Qualcosa di analogo accade nella soluzione termodinamica al problema della misura. La termodinamica spiega perché a livello macroscopico gli stati puri si comportano come stati misti, ma non fornisce alcuna chiarificazione dinamica di come avviene questo passaggio.

Un secondo filone di soluzioni è quello che possiamo chiamare dei molti mondi. L’idea è che ogni volta che avviene un processo di misurazione si realizzano tutte le possibilità implicite nello stato puro, ma esse avvengono in mondi diversi tutti inaccessibili fra loro. Questa prospettiva è assai poco plausibile. Se i mondi sono tutti inaccessibili fra loro non abbiamo nessuna possibilità empirica di verificarla. Inoltre è fisicamente assai strano che il determinarsi dello spin di un elettrone – per citare una misurazione semplice – possa provocare la biforcazione dell’intero spazio-tempo. Ancora, che senso avrebbe parlare di probabilità nei risultati della misurazione, quando tutte le possibilità di realizzano? Se un possibile risultato (1) di un’osservabile dicotomica ha probabilità ¼ e l’altro (2) ¾, dobbiamo affermare che esistono 3 mondi in cui si realizza (2) e 1 mondo in cui si realizza (1)?

Un terzo filone di soluzioni è quello soggettivista. Secondo quest’idea il sistema S+M si evolve sempre in accordo con l’equazione di Schrödinger e solo l’intervento della coscienza di un osservatore elimina la sovrapposizione. Se un osservatore rileva il risultato di una misurazione, mentre un secondo osservatore – detto l’amico di Wigner - non sa nulla, quest’ultimo può chiedere al primo il risultato, dopo un certo tempo che l’osservatore lo abbia registrato. A questo punto alla domanda dell’amico “cosa sentivi rispetto al risultato prima che io te lo chiedessi e dopo che lo hai registrato?” l’osservatore risponderebbe senz’altro “sapevo già quale fosse il risultato”. Questo esempio mostrerebbe che vi è una differenza sostanziale fra l’interazione fra un sistema fisico e un altro sistema fisico e l’interazione fra un sistema fisico e la coscienza.

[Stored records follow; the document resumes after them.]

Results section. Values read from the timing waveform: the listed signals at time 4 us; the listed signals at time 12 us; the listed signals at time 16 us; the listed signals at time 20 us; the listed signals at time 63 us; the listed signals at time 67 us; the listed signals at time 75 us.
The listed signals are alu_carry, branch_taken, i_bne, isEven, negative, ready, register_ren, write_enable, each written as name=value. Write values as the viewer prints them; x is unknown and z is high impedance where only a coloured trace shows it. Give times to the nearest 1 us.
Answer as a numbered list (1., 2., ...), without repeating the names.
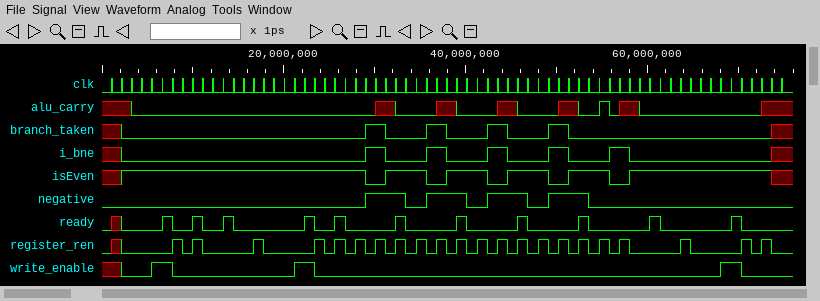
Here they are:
1. alu_carry=0, branch_taken=0, i_bne=0, isEven=1, negative=0, ready=0, register_ren=0, write_enable=0
2. alu_carry=0, branch_taken=0, i_bne=0, isEven=1, negative=0, ready=0, register_ren=0, write_enable=0
3. alu_carry=0, branch_taken=0, i_bne=0, isEven=1, negative=0, ready=0, register_ren=0, write_enable=0
4. alu_carry=0, branch_taken=0, i_bne=0, isEven=1, negative=0, ready=0, register_ren=0, write_enable=0
5. alu_carry=0, branch_taken=0, i_bne=0, isEven=1, negative=0, ready=0, register_ren=0, write_enable=0
6. alu_carry=0, branch_taken=0, i_bne=0, isEven=1, negative=0, ready=0, register_ren=0, write_enable=0
7. alu_carry=x, branch_taken=x, i_bne=x, isEven=x, negative=0, ready=0, register_ren=0, write_enable=0

Essa provoca la scomparsa della sovrapposizione.

Questa soluzione lascia perplessi, perché va contro la chiusura causale del mondo fisico. Inoltre il ruolo dell’osservatore può essere facilmente svolto da un robot, che, presumibilmente non ha coscienza.

Un quarto filone di soluzioni è quello che aggiunge della nuova fisica per spiegare il processo di misurazione. Finora nessuna soluzione di questo tipo si è rivelata qualcosa di più che un’ipotesi ad hoc.